How many milliliters of 3.00 M NaOH are required to react with 4.00 mL of 16.0 M HNO3?
How many milliliters of 3.00 M NaOH are required to react with 0.500 g of Cu+2 to form Cu(OH)2?
Based on your answers, question 2 and 3, if a student added 25mL of NaOH, in part 2 of the experiment, there will be enough NaOH to react with both the HNO3 and Cu+2.True False
A student decomposed 3.67g of copper (II) hydroxide into copper (II) oxide. How many mL of 3M H2SO4 is need to react with all the copper (II) oxide?
Using the information in question 5, how much copper (II) sulfate, in grams, are prodcued?
Using the amount of copper (II) sulfate produced, in question 6, how much copper (in grams) is produced if excess zinc is used?
In step 5 , of the experiment, 6M HCl is added to react with any unreactive Zn left in solution. If a student has 5.21g of copper (II) sulfate, how much zinc is needed to react with copper so that no HCl is needed in this step?
1. For the first question, we can use the formula: M1V1 = M2V2.
V2 = (M1V1) / M2
V2 = (3.00 mol/L * 4.00 mL) / 16.0 mol/L
V2 = 0.75 mL
2. For the second question, we first need to calculate the moles of Cu+2 using its molar mass.
Moles of Cu+2 = 0.500g / 63.55g/mol = 0.00787 mol
Now, we can use the formula: M1V1 = M2V2.
V2 = (M1V1) / M2
V2 = (3.00 mol/L * 0.00787 mol) / 1.00 mol/L
V2 = 0.0236 mL
3. True. Since the total volume required from both reactions is 0.75 mL + 0.0236 mL = 0.7736 mL, which is less than the 25 mL of NaOH added.
4. First, we need to calculate the moles of CuO using its molar mass.
Moles of CuO = 3.67g / 79.55g/mol = 0.0461 mol
Now we use the formula: M1V1 = M2V2.
V1 = (0.0461 mol * 1 L / 3M) * 1000 mL/L
V1 = 15.37 mL
5. Using stoichiometry, we can determine the moles of CuSO4 produced from the moles of CuO reacted with H2SO4.

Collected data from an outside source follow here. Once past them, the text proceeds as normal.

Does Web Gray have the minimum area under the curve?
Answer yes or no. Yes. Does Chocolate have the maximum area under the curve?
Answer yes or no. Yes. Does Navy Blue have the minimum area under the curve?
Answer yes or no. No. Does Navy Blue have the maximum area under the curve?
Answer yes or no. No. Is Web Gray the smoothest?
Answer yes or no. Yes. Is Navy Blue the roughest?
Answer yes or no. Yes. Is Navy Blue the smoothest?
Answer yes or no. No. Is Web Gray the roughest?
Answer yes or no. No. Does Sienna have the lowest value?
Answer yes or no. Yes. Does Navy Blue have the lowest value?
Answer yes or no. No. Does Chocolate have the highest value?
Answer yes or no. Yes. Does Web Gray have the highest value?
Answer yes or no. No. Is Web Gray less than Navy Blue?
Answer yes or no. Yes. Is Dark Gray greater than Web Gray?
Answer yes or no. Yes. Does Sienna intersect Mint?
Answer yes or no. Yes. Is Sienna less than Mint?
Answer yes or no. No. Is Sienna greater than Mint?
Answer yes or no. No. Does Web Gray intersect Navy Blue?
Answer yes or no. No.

From the balanced chemical equation: CuO + H2SO4 -> CuSO4 + H2O
1 mole of CuO produces 1 mole of CuSO4
Therefore, 0.0461 mol of CuO produces 0.0461 mol of CuSO4.
Mass of CuSO4 = 0.0461 mol * 159.61 g/mol = 7.36 g
6. Using stoichiometry again, we can determine the moles of Cu produced from the moles of CuSO4 reacted with excess zinc.
From the balanced chemical equation: CuSO4 + Zn -> ZnSO4 + Cu
1 mole of CuSO4 produces 1 mole of Cu
Therefore, 0.0461 mol of CuSO4 produces 0.0461 mol of Cu.
Mass of Cu = 0.0461 mol * 63.55 g/mol = 2.93 g
7. If 5.21g of CuSO4 is obtained and all of it comes from 0.0461 mol of CuO, then we need to calculate the moles of Cu needed to produce that amount of CuSO4.
Moles of Cu = 5.21g / 159.61g/mol = 0.0326 mol
From stoichiometry, 1 mole of Cu produces 1 mole of CuSO4.
Therefore, 0.0326 mol of Cu produces 0.0326 mol of CuSO4.
This means that 0.0326 mol of CuO is needed to produce 5.21g of CuSO4.
Now we can calculate the grams of CuO needed for the reaction.
Mass of CuO = 0.0326 mol * 79.55 g/mol = 2.59 g
Therefore, 2.59 grams of CuO is needed to produce 5.21g of CuSO4.